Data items
"""
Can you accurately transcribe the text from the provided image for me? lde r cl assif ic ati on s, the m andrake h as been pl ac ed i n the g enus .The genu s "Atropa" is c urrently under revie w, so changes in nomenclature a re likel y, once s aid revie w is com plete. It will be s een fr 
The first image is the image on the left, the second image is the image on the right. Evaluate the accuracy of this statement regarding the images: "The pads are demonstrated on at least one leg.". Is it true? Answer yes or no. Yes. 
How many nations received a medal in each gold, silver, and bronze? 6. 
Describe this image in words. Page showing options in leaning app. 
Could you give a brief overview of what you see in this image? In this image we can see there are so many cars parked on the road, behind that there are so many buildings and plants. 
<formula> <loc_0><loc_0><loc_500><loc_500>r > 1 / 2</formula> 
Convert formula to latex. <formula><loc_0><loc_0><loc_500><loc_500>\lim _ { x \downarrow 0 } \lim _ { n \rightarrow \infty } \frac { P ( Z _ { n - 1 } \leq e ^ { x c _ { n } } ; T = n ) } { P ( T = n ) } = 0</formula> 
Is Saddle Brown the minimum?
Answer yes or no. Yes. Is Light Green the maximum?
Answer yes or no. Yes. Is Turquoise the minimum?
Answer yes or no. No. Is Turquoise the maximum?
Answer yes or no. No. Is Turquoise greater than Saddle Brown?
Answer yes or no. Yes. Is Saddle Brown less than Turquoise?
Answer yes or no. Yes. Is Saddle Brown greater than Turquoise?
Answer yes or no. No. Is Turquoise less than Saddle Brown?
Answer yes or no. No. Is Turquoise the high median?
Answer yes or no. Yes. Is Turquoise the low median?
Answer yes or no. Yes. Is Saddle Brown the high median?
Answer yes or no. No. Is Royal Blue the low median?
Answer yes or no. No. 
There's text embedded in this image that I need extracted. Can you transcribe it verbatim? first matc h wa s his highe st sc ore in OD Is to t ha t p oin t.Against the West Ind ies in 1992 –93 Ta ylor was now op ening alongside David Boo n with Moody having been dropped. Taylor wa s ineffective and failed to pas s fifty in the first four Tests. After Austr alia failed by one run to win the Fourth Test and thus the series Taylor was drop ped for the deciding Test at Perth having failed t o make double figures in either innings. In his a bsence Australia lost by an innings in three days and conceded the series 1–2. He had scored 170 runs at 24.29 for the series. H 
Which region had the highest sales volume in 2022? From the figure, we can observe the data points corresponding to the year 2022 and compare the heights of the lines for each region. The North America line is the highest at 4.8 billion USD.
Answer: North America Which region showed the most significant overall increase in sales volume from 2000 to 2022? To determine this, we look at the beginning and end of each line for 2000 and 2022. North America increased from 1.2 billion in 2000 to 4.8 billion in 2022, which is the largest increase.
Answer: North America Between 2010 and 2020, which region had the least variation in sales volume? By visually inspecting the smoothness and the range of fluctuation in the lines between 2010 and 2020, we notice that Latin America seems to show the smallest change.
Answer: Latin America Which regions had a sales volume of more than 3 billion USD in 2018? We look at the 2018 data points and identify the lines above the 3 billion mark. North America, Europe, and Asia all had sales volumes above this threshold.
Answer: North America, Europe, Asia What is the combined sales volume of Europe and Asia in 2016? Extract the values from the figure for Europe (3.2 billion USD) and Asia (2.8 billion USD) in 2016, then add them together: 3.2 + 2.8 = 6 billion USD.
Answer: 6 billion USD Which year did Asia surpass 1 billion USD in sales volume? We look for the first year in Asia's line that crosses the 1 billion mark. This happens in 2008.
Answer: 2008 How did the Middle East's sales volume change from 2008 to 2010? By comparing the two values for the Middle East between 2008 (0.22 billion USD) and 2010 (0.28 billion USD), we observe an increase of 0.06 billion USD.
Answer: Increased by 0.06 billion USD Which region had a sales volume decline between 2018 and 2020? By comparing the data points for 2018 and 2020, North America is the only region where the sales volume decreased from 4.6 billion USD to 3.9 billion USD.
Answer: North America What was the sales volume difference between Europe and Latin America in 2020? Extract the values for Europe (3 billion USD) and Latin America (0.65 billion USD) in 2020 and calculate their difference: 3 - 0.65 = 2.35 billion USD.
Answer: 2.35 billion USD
"""
* Task goal: Could you return all lines from the data above that contain the string "greater"?

* Task solution:
Answer yes or no. No. Is Turquoise greater than Saddle Brown?
Answer yes or no. Yes. Is Saddle Brown greater than Turquoise?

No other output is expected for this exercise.